#### WORK TO COMPLETE
Word for word, give the data again without its pictures.

>>>>

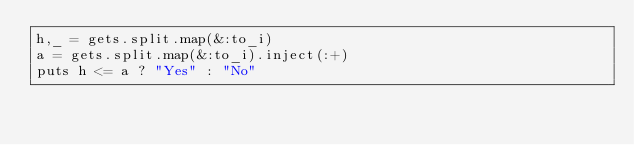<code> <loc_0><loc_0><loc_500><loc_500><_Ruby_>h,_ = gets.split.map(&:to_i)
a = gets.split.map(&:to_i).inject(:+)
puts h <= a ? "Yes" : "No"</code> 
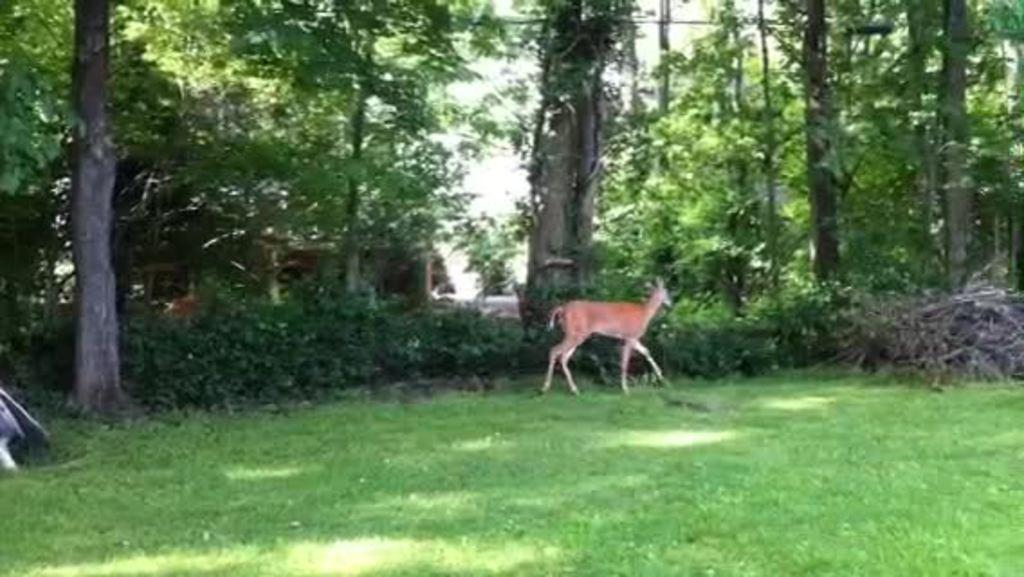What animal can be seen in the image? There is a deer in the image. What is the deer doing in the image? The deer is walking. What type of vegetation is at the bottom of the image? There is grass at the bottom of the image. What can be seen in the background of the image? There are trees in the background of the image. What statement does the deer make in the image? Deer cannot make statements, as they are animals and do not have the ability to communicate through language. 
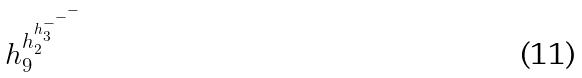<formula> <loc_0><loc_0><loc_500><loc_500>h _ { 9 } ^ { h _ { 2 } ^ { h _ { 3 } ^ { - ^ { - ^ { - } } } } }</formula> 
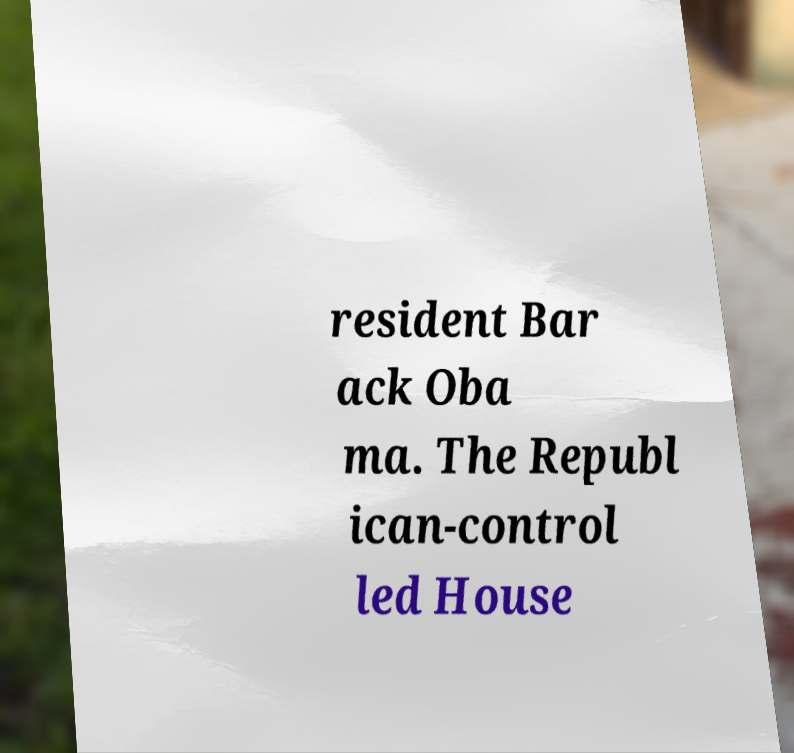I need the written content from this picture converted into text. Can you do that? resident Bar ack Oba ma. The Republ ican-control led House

<<<<

#### ANSWER SPACE
<code> <loc_0><loc_0><loc_500><loc_500><_Ruby_>h,_ = gets.split.map(&:to_i)
a = gets.split.map(&:to_i).inject(:+)
puts h <= a ? "Yes" : "No"</code> 
What animal can be seen in the image? There is a deer in the image. What is the deer doing in the image? The deer is walking. What type of vegetation is at the bottom of the image? There is grass at the bottom of the image. What can be seen in the background of the image? There are trees in the background of the image. What statement does the deer make in the image? Deer cannot make statements, as they are animals and do not have the ability to communicate through language. 
<formula> <loc_0><loc_0><loc_500><loc_500>h _ { 9 } ^ { h _ { 2 } ^ { h _ { 3 } ^ { - ^ { - ^ { - } } } } }</formula> 
I need the written content from this picture converted into text. Can you do that? resident Bar ack Oba ma. The Republ ican-control led House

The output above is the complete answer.